Source records

%%

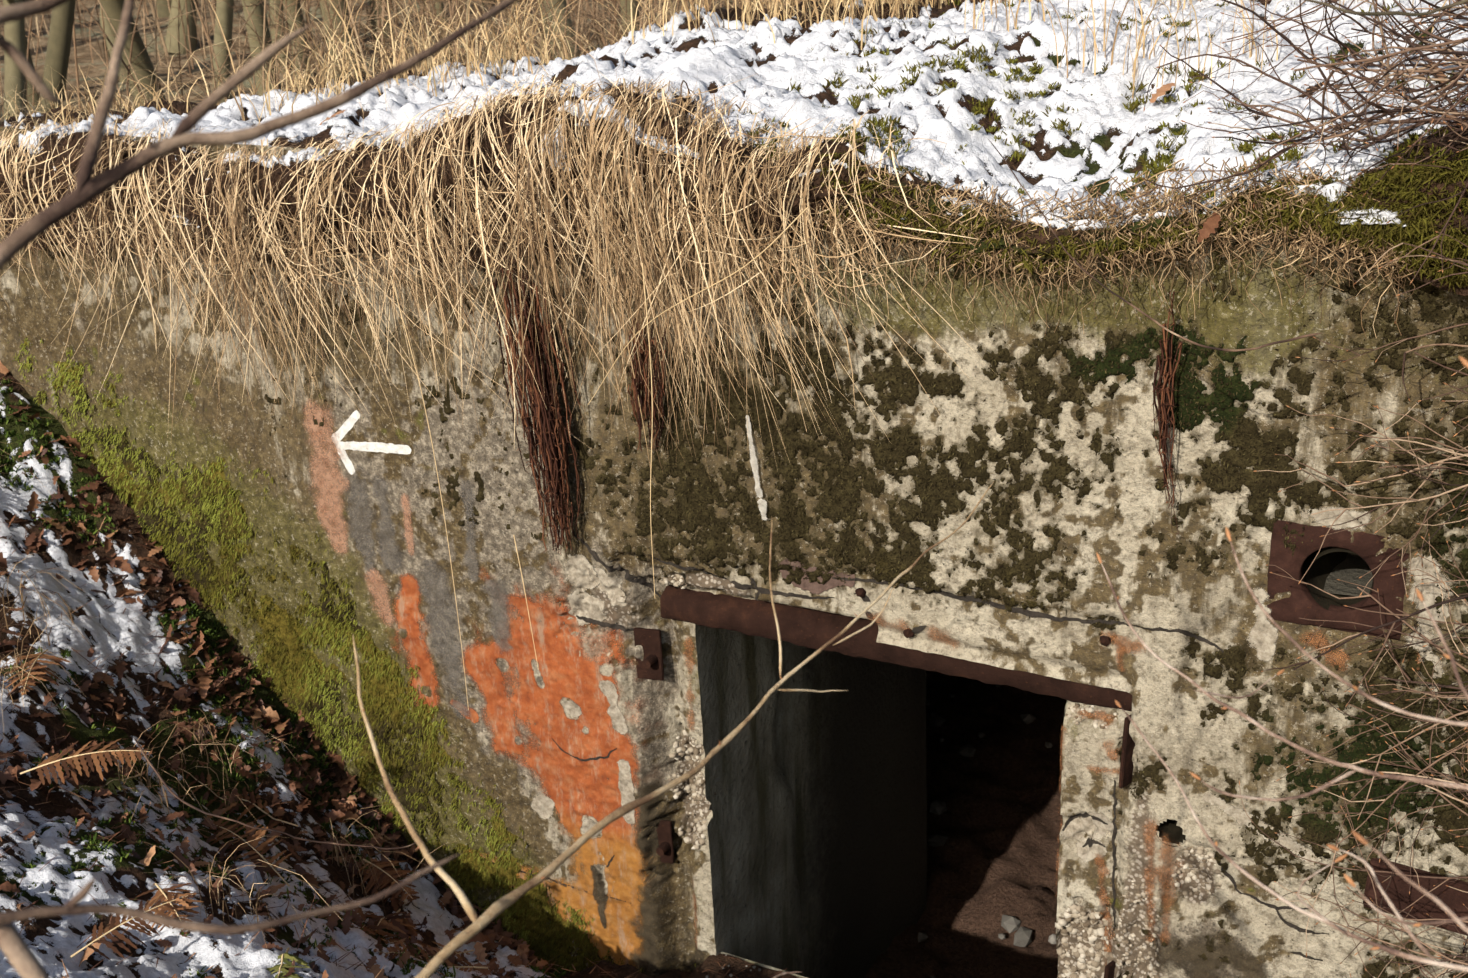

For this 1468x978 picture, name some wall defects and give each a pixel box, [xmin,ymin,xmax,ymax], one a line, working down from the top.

corrosion [930,630,956,646]
corrosion [1107,633,1142,670]
spalling [1065,703,1117,729]
peeling [395,567,652,969]
spalling [1061,812,1114,862]
spalling [1171,846,1222,900]
spalling [1055,875,1160,978]
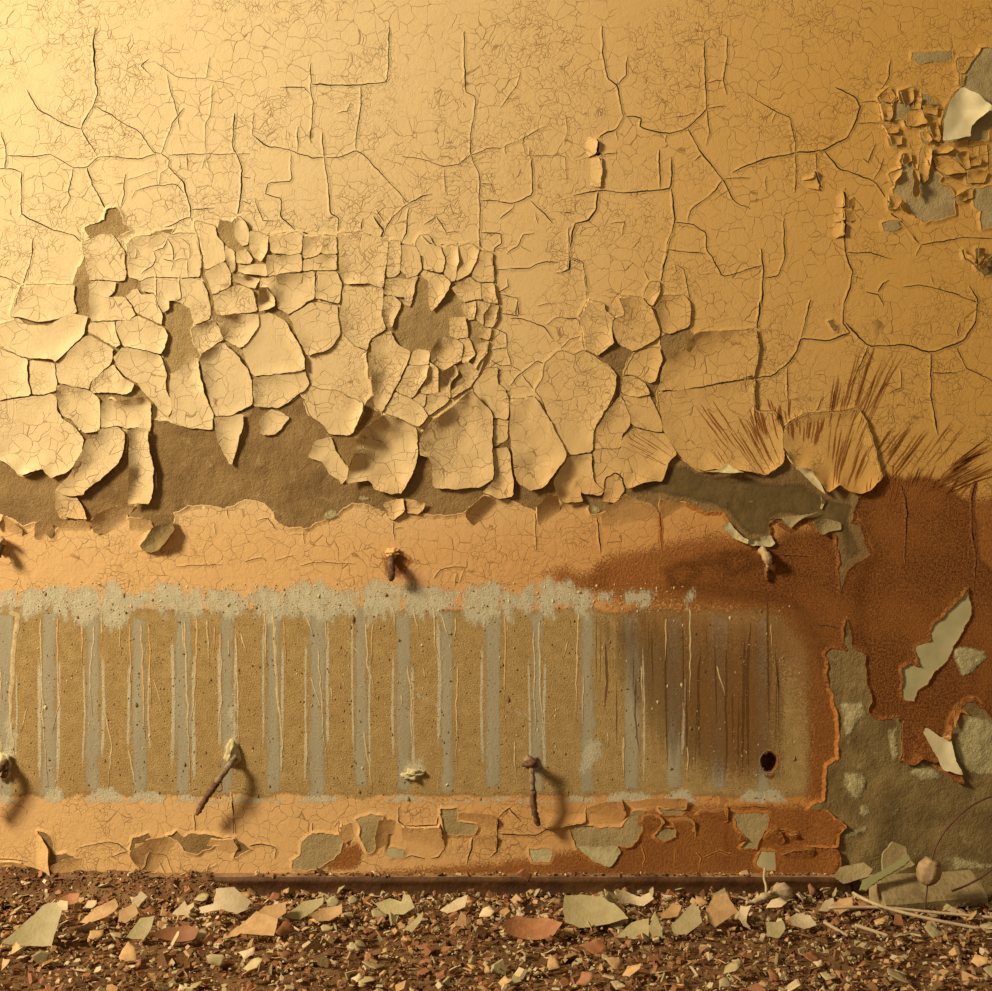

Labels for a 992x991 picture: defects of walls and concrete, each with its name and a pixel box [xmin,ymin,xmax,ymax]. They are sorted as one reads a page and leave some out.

crack [0,26,992,434]
peeling [874,43,992,281]
peeling [0,204,886,595]
peeling [127,827,255,872]
crack [176,516,356,569]
peeling [288,804,498,873]
damp [0,570,813,806]
crack [433,564,465,586]
crack [578,516,604,553]
crack [656,512,664,549]
rust [375,341,992,874]
flaking render [545,586,992,940]

%%

**Instructions for the task**
An exact copy of every entry, pictures left out, is what to write here.

**Response for this exercise**
For this 1468x978 picture, name some wall defects and give each a pixel box, [xmin,ymin,xmax,ymax], one a line, working down from the top.

corrosion [930,630,956,646]
corrosion [1107,633,1142,670]
spalling [1065,703,1117,729]
peeling [395,567,652,969]
spalling [1061,812,1114,862]
spalling [1171,846,1222,900]
spalling [1055,875,1160,978]

Labels for a 992x991 picture: defects of walls and concrete, each with its name and a pixel box [xmin,ymin,xmax,ymax]. They are sorted as one reads a page and leave some out.

crack [0,26,992,434]
peeling [874,43,992,281]
peeling [0,204,886,595]
peeling [127,827,255,872]
crack [176,516,356,569]
peeling [288,804,498,873]
damp [0,570,813,806]
crack [433,564,465,586]
crack [578,516,604,553]
crack [656,512,664,549]
rust [375,341,992,874]
flaking render [545,586,992,940]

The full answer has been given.